- [PROMPT] Begin at the top of the records and copy each line exactly. The line containing "Answer: Leaf green" is the last one to include.

[[ DATA RECORDS open ]]

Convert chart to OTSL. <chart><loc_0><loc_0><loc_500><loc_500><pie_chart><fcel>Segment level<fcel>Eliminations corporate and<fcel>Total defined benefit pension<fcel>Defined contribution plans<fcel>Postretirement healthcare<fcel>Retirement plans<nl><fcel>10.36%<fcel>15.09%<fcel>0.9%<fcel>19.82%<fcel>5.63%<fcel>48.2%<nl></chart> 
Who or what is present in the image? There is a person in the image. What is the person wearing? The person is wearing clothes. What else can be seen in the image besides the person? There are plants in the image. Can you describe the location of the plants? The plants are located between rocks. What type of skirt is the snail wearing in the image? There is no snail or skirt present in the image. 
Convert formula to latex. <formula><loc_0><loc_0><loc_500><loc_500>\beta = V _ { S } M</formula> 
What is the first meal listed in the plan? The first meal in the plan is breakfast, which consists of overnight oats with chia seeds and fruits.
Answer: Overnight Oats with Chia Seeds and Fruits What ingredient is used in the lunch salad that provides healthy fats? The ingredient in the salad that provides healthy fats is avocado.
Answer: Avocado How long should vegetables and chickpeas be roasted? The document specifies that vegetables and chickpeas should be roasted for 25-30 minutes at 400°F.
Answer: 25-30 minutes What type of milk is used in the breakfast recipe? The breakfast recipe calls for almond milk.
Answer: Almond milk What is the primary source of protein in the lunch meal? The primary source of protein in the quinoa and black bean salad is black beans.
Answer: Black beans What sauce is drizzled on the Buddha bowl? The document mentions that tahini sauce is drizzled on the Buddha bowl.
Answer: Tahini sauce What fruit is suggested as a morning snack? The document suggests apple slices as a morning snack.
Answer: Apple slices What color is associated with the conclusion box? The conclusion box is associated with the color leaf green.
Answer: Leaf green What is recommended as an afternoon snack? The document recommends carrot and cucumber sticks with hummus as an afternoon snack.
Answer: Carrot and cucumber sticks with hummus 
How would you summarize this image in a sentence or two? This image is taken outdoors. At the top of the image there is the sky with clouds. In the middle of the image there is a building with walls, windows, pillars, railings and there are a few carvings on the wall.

[[ DATA RECORDS closed ]]

- [RESULT OF THE TASK]
Convert chart to OTSL. <chart><loc_0><loc_0><loc_500><loc_500><pie_chart><fcel>Segment level<fcel>Eliminations corporate and<fcel>Total defined benefit pension<fcel>Defined contribution plans<fcel>Postretirement healthcare<fcel>Retirement plans<nl><fcel>10.36%<fcel>15.09%<fcel>0.9%<fcel>19.82%<fcel>5.63%<fcel>48.2%<nl></chart> 
Who or what is present in the image? There is a person in the image. What is the person wearing? The person is wearing clothes. What else can be seen in the image besides the person? There are plants in the image. Can you describe the location of the plants? The plants are located between rocks. What type of skirt is the snail wearing in the image? There is no snail or skirt present in the image. 
Convert formula to latex. <formula><loc_0><loc_0><loc_500><loc_500>\beta = V _ { S } M</formula> 
What is the first meal listed in the plan? The first meal in the plan is breakfast, which consists of overnight oats with chia seeds and fruits.
Answer: Overnight Oats with Chia Seeds and Fruits What ingredient is used in the lunch salad that provides healthy fats? The ingredient in the salad that provides healthy fats is avocado.
Answer: Avocado How long should vegetables and chickpeas be roasted? The document specifies that vegetables and chickpeas should be roasted for 25-30 minutes at 400°F.
Answer: 25-30 minutes What type of milk is used in the breakfast recipe? The breakfast recipe calls for almond milk.
Answer: Almond milk What is the primary source of protein in the lunch meal? The primary source of protein in the quinoa and black bean salad is black beans.
Answer: Black beans What sauce is drizzled on the Buddha bowl? The document mentions that tahini sauce is drizzled on the Buddha bowl.
Answer: Tahini sauce What fruit is suggested as a morning snack? The document suggests apple slices as a morning snack.
Answer: Apple slices What color is associated with the conclusion box? The conclusion box is associated with the color leaf green.
Answer: Leaf green What is recommended as an afternoon snack? The document recommends carrot and cucumber sticks with hummus as an afternoon snack.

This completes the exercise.